The pooled global prevalence of MIH was 14.2% (95% CI: 12.6-15.8) however, there was significant heterogeneity between the studies. Meta-regression determined the sample size to have a statistically significant effect (P = 0.001) on the heterogeneity. South America was found to have the highest prevalence of MIH (18%, 95% CI: 13.8-22.2), followed by Oceania (16.3%, 95% CI: 12.6-20.0), Europe (14.3%, 95% CI: 12.2-16.3), Asia (13.0%, 95% CI: 10.5-15.5) and Africa (10.9%, 95% CI: 4.2-17.6). The authors stratified data based on continents allowing prevalence rates to be representative of the global burden of MIH for each region.
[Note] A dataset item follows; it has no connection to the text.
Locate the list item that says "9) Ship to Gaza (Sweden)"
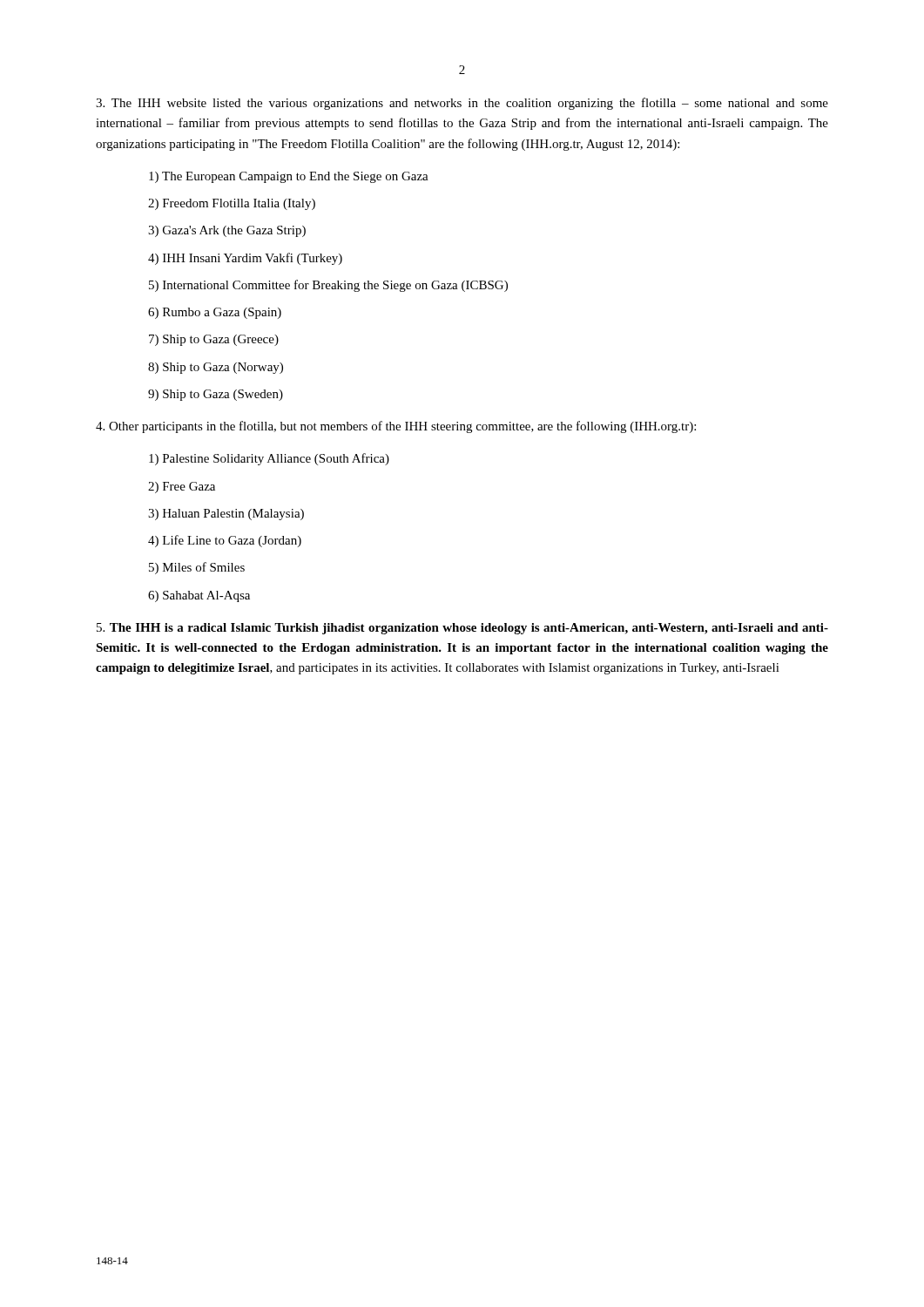This screenshot has height=1307, width=924. (216, 394)
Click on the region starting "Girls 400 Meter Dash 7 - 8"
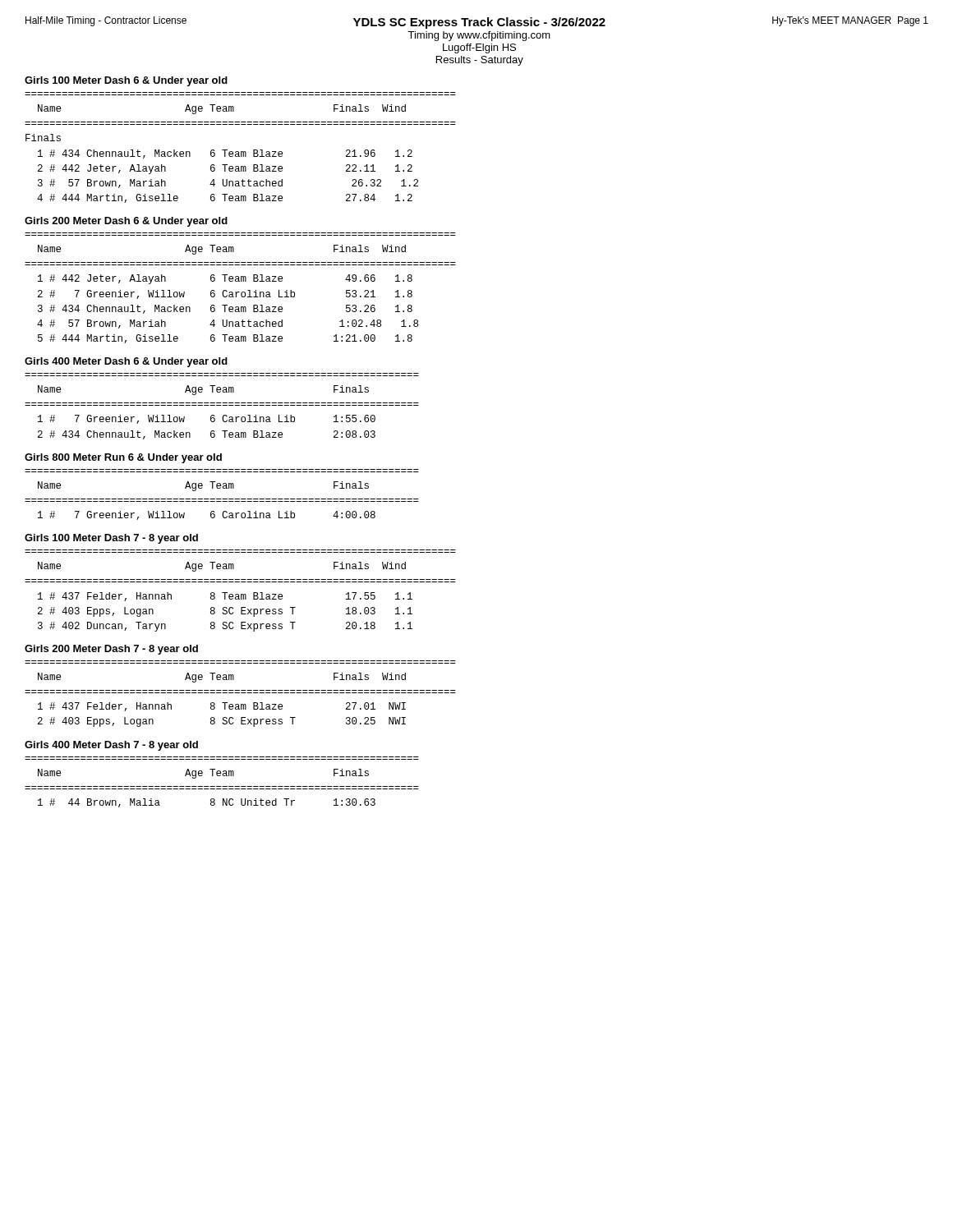Image resolution: width=953 pixels, height=1232 pixels. pyautogui.click(x=112, y=744)

Mean MIH prevalence, as a proxy of burden in each region, is unlikely to be representative of the entire continent however; this is the best the authors could achieve given the limited, good quality studies available.

The prevalence of MIH amongst children ten years of age or younger were higher (15.1%, 95% CI: 12.1-18.2) than children older than this age (12.1%, 95% CI: 8.0-16.3). This is likely due to several reasons such as MIH being clinically detected when the first permanent molars and incisors first erupt or affected teeth being extracted or restored prior to assessment. Furthermore, access to dental care in certain countries should be taken into consideration when interpreting the findings. There was no sex significance, which was to be expected, given the systemic aetiology of this condition.
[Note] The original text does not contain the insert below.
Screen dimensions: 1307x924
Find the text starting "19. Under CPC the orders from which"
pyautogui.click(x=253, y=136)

Each study was evaluated using Egger's test and Begg's funnel plot to identify any publication bias. Then the trim and fill method was applied to assess bias by filling the funnel plot with the random effects model. The authors estimated nine studies to be missing from the selection, which (in addition to publication bias) may have implications in determining the overall prevalence of MIH. Identifying the potential aetiological factors of each study may further help us understand the complex nature of MIH. This study has informed the burden of MIH across each region; data which can be utilised by policymakers to assist in healthcare strategy.

Practice point

  • Children aged ten years or younger had a higher prevalence of MIH than those older. Additionally, there were no sex differences with prevalence.

  • The importance of active surveillance and appropriate management is emphasised through recognition of MIH as a global disease affecting young people in multiple countries, especially with a global prevalence of 14.2%.